Writing 101 asks us to talk about our fears. I adressed my biggest fear: Parties.
I look at the mirror. From the other side, a weird-looking me atempts to smile, to no avail. I see the long straighted brown hair, the light brown skin on my face has a few layers of make-up, I see the black dress I’m wearing. I can not smile. All I can think about now is whether I’m well suited for the big party I’m about to go. I think I am – the dress and the make-up are those things society expects girls to wear. So, I’m all good, aren’t I?
I don’t feel well — the dress, the make-up, the hair… I feel awkward. No one cares.
I set everything up, enter the car. I prepare myself mentally — there will be loud music, people dancing, food, drinks. I must smile, say hello, sit down, try to eat something, drink something, talk a bit and wait for the time to go back to the hotel. That’s it. No secrets.
As the car flies across the city, I try to pay attention to the beautiful buildings all lit up at night. I remember I will be sleepy in a couple of hours, before everyone else. And at a party, things can get rough if that happens. We’re getting closer.
The car stops.
I look around, see the other guests getting out of their cars as well, everyone dressed up. I wonder how the other women can walk with those heels. I could never wear them, I suppose. The cold wind blows in my face. I can hear the loud music from where I am and my heart starts beating fast. I want to go home. I must go home!
But I’m trapped. I have to enter.
I walk towards the club, start sweating. I see someone I know. What do I do? Do I hug them? Shake hands? Just say hello?
I say hello, they hug me. I go for a hug, they shake hands. I get to the obvious conclusion I can not read people. The place is full of people, unfortunately. Where’s my table? Where. Is. My. Table?
Oh, more known people. Hug, hands, hands, hug. Some kisses. “You look nice” “You too” “How’s university?” “Good, good”
“Have you been seeing anyone lately?”, they ask everyone else but me.
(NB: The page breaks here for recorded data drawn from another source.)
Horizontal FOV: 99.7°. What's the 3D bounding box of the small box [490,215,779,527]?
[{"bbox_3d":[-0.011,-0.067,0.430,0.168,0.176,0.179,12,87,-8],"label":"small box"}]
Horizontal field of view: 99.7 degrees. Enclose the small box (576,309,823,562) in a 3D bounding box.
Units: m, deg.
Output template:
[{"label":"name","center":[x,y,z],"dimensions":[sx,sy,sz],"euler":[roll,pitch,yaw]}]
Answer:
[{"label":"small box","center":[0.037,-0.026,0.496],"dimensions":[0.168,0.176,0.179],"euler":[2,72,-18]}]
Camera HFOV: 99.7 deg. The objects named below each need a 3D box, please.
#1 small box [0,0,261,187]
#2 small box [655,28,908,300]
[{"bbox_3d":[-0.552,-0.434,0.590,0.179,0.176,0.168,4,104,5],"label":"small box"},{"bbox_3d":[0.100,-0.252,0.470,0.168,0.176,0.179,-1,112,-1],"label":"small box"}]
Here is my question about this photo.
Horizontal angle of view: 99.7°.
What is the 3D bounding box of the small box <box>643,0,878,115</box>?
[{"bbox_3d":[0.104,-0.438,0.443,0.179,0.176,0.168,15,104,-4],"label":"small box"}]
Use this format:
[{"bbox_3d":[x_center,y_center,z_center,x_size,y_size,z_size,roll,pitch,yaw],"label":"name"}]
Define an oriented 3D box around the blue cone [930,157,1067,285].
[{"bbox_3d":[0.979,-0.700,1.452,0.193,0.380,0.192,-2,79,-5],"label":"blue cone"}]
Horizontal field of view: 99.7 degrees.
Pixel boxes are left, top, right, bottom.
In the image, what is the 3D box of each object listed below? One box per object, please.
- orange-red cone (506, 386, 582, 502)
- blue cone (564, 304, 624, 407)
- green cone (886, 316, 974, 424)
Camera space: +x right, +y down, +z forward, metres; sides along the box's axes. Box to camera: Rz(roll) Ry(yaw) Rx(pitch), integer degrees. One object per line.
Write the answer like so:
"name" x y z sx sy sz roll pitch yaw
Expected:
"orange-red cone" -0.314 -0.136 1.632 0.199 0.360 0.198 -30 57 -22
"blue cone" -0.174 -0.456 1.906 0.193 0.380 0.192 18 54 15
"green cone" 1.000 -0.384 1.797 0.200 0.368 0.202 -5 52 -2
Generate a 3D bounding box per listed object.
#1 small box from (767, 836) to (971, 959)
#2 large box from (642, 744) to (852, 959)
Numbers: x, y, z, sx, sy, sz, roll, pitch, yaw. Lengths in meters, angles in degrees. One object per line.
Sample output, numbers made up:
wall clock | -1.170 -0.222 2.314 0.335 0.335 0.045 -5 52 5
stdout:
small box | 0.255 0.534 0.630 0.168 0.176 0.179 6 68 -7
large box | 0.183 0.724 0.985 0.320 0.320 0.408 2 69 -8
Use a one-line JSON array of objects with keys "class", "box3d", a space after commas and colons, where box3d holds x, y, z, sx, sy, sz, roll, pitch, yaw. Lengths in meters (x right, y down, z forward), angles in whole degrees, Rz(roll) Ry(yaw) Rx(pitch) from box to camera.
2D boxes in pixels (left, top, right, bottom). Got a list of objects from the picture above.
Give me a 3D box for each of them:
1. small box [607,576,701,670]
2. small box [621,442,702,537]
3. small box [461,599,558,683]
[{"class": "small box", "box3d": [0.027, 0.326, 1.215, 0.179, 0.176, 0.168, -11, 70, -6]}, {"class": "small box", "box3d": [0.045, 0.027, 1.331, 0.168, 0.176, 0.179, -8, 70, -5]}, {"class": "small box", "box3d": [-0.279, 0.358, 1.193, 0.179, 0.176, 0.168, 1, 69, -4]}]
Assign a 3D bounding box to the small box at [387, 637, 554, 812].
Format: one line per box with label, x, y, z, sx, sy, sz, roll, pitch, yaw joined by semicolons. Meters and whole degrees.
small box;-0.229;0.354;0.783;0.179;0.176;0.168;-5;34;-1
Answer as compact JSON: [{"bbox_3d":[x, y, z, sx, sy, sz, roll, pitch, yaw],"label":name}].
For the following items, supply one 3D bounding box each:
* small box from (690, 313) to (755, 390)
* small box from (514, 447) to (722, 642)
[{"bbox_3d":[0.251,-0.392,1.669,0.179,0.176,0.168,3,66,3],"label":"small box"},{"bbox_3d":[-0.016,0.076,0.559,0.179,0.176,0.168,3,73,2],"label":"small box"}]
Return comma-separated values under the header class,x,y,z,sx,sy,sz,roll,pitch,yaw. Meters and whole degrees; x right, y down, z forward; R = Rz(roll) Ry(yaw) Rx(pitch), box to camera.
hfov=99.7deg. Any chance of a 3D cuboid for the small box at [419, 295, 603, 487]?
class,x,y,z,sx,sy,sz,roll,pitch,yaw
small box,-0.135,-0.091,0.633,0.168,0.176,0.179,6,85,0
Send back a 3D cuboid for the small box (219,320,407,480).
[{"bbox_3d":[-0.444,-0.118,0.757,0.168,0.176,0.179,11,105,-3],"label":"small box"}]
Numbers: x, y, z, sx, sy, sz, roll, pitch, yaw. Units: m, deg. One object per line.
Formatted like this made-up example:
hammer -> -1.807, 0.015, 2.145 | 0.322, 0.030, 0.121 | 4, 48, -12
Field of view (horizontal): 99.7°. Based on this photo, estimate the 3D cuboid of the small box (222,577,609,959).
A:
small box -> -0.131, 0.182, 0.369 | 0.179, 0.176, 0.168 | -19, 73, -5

I know the reason they do this, tough I can’t talk about this now. In fact, it’s not just one reason. Maybe I’m too weird to date anyone. Maybe I study so much I’m not interested in relationships. Or maybe… I better not talk about that now.
I find my table, I sit and notice that since I entered, my vision got blurred for some reason. Everything bothers me, I can’t eat or drink, what if there’s someone looking at me and I spill a bit? Are they looking at me? Are. They. Looking. At. Me?
I’m getting frozen — can’t move, differently from the 99% of the others, who are dancing happily. I could never dance. Not in public. How much time have I spent here?
How much time do I have to stay? I better not think of that. It’s getting more blurred, oh my! I can’t speak. I want to go home. There’s too many people here, too many! And they’re all looking at me, judging me! I close my eyes, It doesn’t help. Why did I agree to come? Why do people feel so happy in these situations — crowd, loud shitty music, alcohol? It doesn’t seem fun to me at all. It never did. This dress and the make-up are not helping, let me tell you.
People are getting drunk. It’s funny and sad to witness. Funny because drunk people do non-sense stuff. Sad for the same reason. Why would someone choose that? I could never know.
Finally, time to go to the hotel! I try to say goodbye to people, but most of them are drunk. So no hugs, hands, hands, hugs. Thank God.
The car looks like a golden carriage to me. I enter with my heart full of relief, thinking about my quiet, empty hotel room.